Senior Sex Buddies – Friends with benefits
By Tom P Blake – Finding Love after 50
A 51-year-old woman described her one-year plus relationship with a 52-year-old man:
We clicked from the time we met
The chemistry is there
We have a lot in common
He's an easy-going guy
We have fun together and get along well
We enjoy each other's company
We see each other almost every weekend
We talk on the phone 3-4 times a week
Most women would enjoy a relationship with those characteristics. But Karen—not her real name—says she’s in dire need of advice. She described the problem.
“He’s never been the type to utter the verbal language of intimacy. At the very beginning yes, I’ve heard him say I love you or I miss you on occasion. Now, I seem to be the only one who says those words. I sometimes get a response.
“Our relationship isn’t going forward as it should be; it seems to be stagnating. Something is missing. Our relationship can be likened to two buddies who have fun together over the weekend with a benefit of sex (also known as “Friends with Benefits.”
“I deserve more. I need someone that I can express my true feelings with, grow with, lean on and have him reciprocate. I want romance/intimacy and don’t feel I’m getting this most important facet from this guy. How should I proceed to solve this dilemma?”
It’s a good thing she asked me and not Dr. Laura Schlesinger about her dilemma. Dr. Laura likely would have bluntly told her that she created the problem herself by having sex with a man without being married, and might have added something like, “Why should he pay for the cow when the milk is free?”
I asked Karen if she’d ever communicated with him about her concerns. As of this writing, she hadn’t responded.
I suggest she have one of those lets-hold-off-on-the sex-for-a-few-minutes-and-discuss-an-important- issue talks. She may find her sexual buddy thinks their relationship is perfect. Heck, it sounds like a pretty good arrangement to me.
And for once in my life, I might even agree with Dr. Laura: the problem is Karen’s. I suggest Karen read Susan Jeffers’ book, The Feel The Fear Guide to Lasing Love, particularly chapter 4, about people holding up a mirror to discover what they’re doing to make themselves unhappy.
It’s not his fault that Karen’s deeper needs aren’t being met, it’s hers. Either, she’s got to figure out a way to express her feelings to him and grow with him, or, she needs to move on, to find someone more suitable.
I suspect if she moves on she’ll soon realize that she had a great relationship with him and the new men she meets will fall short in areas where her sex-buddy excelled. She’d probably end up being sorry she left him.
The answer? She needs to work on herself and not screw up what sounds like a damn-good relationship. Karen needs to get Susan Jeffers’ book.
Janice: "I've been going through a nasty divorce for the last two years.

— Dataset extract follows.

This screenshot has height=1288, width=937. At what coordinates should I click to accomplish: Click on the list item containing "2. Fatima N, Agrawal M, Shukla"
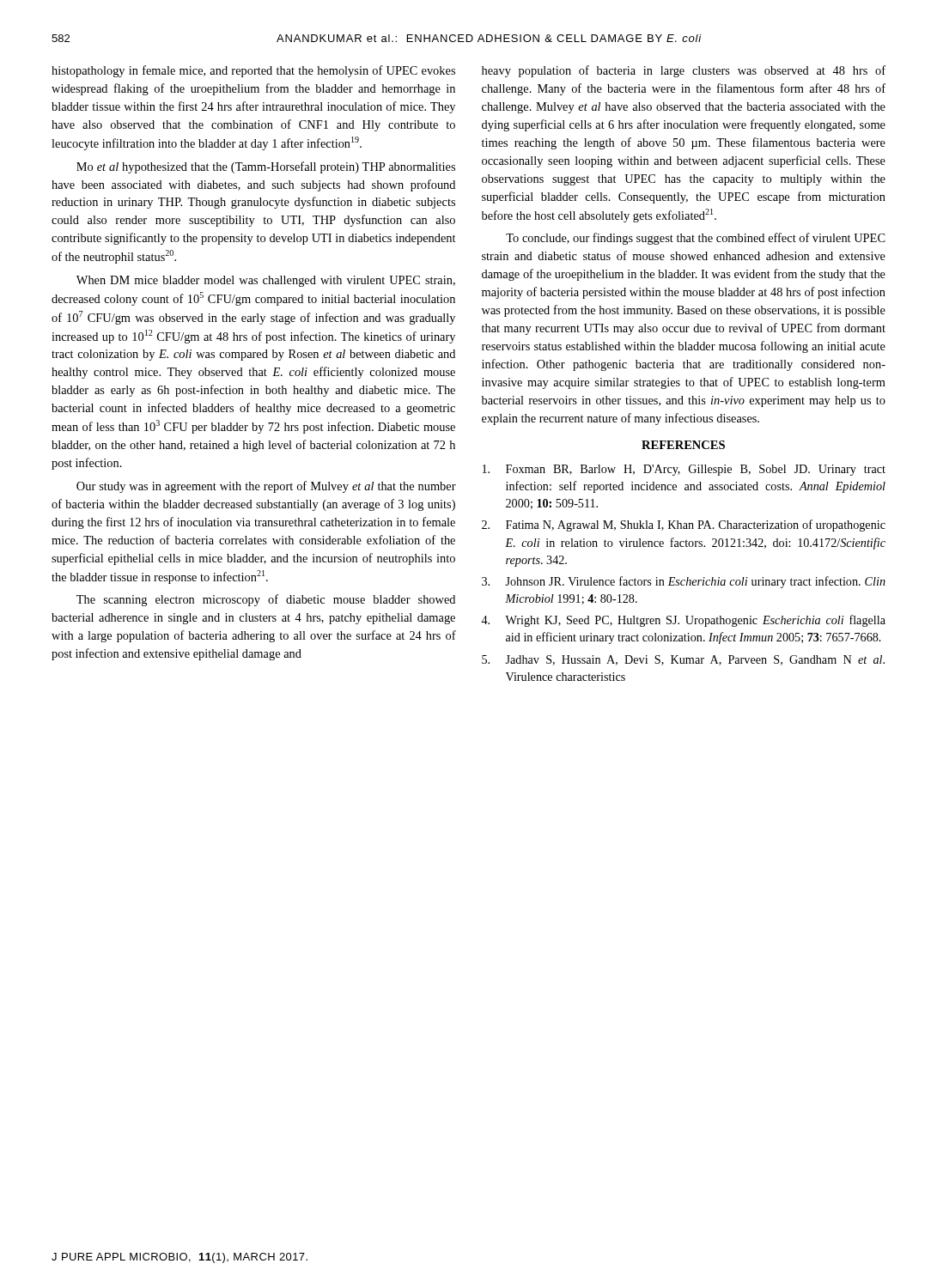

My ex hasn't talked to me since the day he left. I don't know where he lives. We were married for 36 years. I am in an all-time low and would like to meet a nice man who wants no commitments but friendly companionship at first. Do you have advice for me other than my living on tranquilizers. I can't work until the divorce is over."
Response: "I understand your hurt and frustration. Get Susan Jeffers' book and study it cover-to-cover. You need to help yourself get through this, her book will help you start. You might also seek counseling."